Task details: Restate the full listing word for word and leave the pictures out.

--- START ---

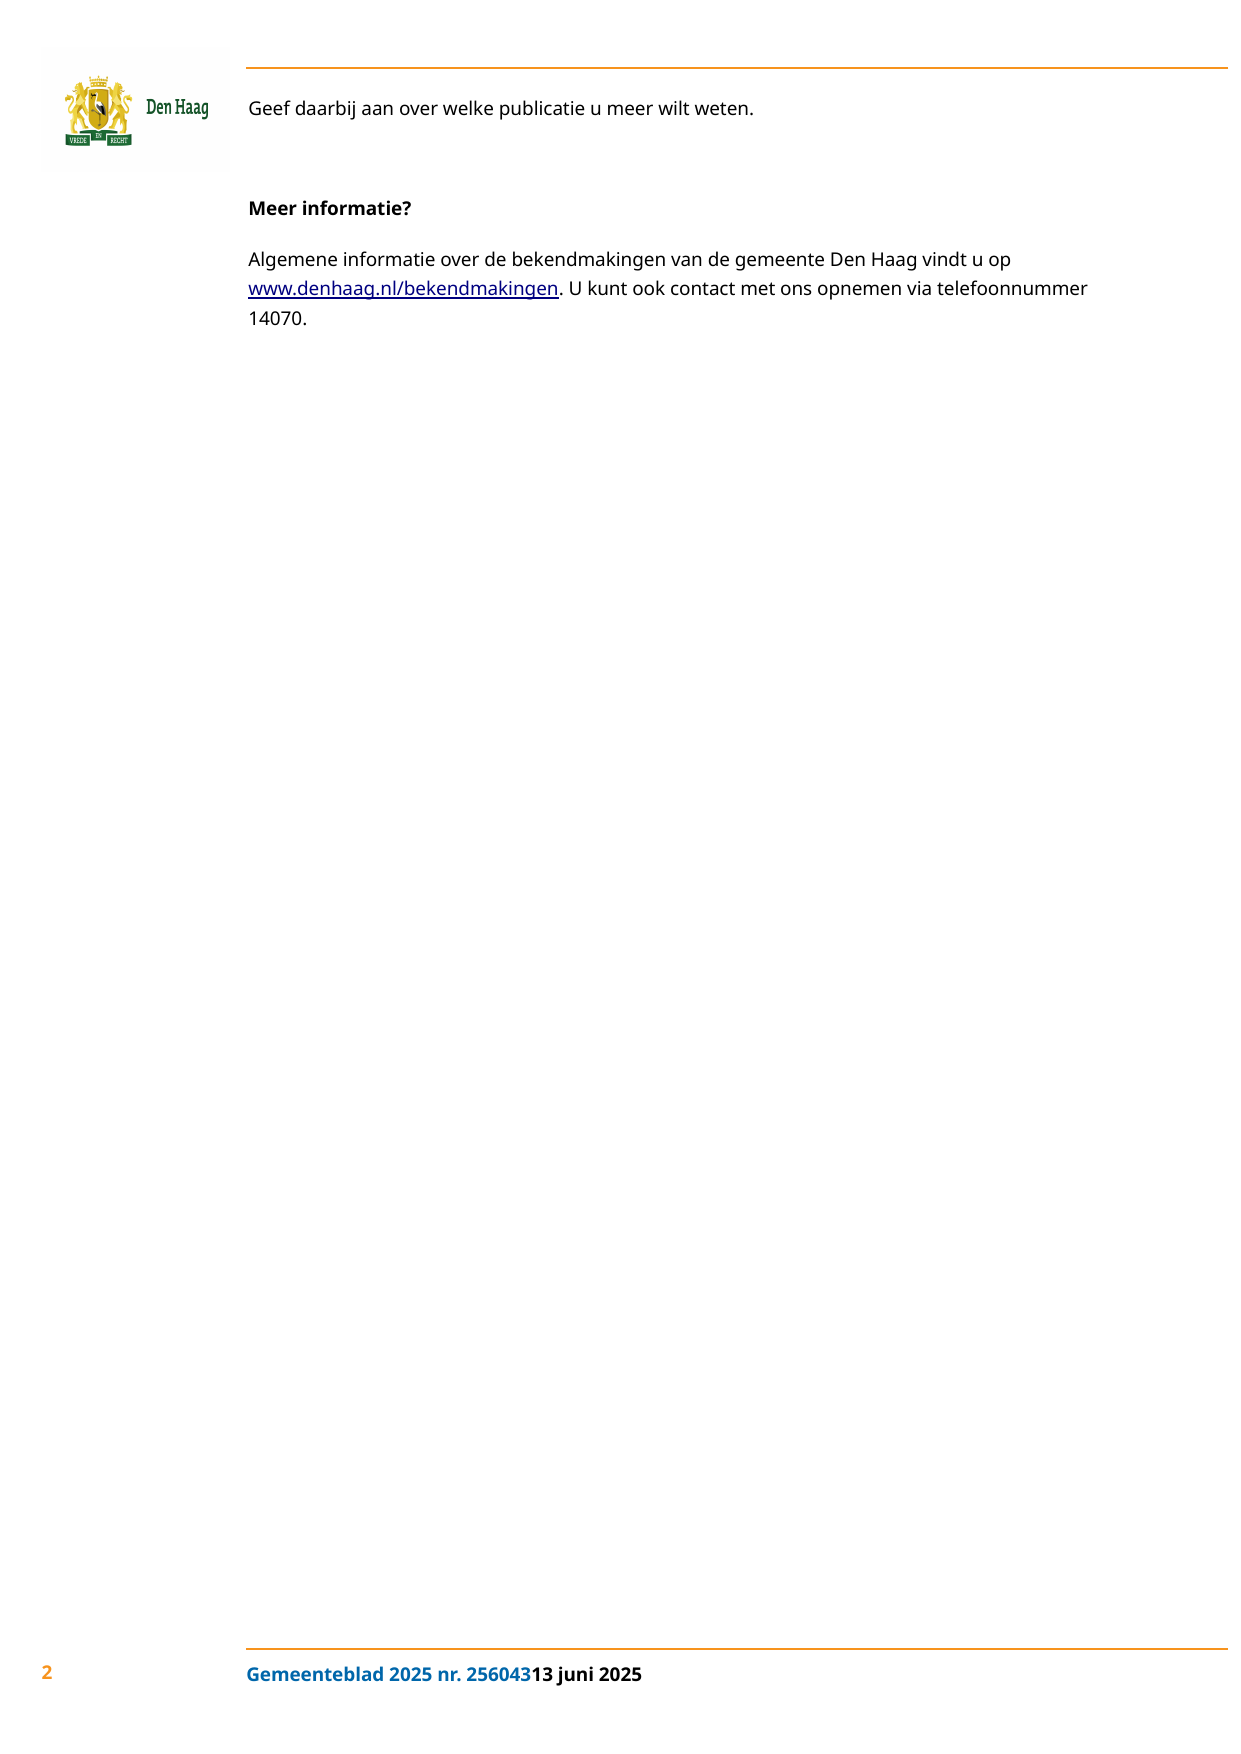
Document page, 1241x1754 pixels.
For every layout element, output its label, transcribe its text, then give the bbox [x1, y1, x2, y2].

text Geef daarbij aan over welke publicatie u meer wilt weten. [248, 95, 1152, 121]
picture [41, 47, 231, 172]
text Algemene informatie over de bekendmakingen van de gemeente Den Haag vindt u op www.denhaag.nl/bekendmakingen. U kunt ook contact met ons opnemen via telefoonnummer 14070. [248, 246, 1152, 331]
text Meer informatie? [248, 196, 1152, 221]

--- END ---

Output of the task:
Document page, 1241x1754 pixels.
For every layout element, output its label, transcribe its text, then give the bbox [x1, y1, x2, y2].

text Geef daarbij aan over welke publicatie u meer wilt weten. [248, 95, 1152, 121]
picture [41, 47, 231, 172]
text Algemene informatie over de bekendmakingen van de gemeente Den Haag vindt u op www.denhaag.nl/bekendmakingen. U kunt ook contact met ons opnemen via telefoonnummer 14070. [248, 246, 1152, 331]
text Meer informatie? [248, 196, 1152, 221]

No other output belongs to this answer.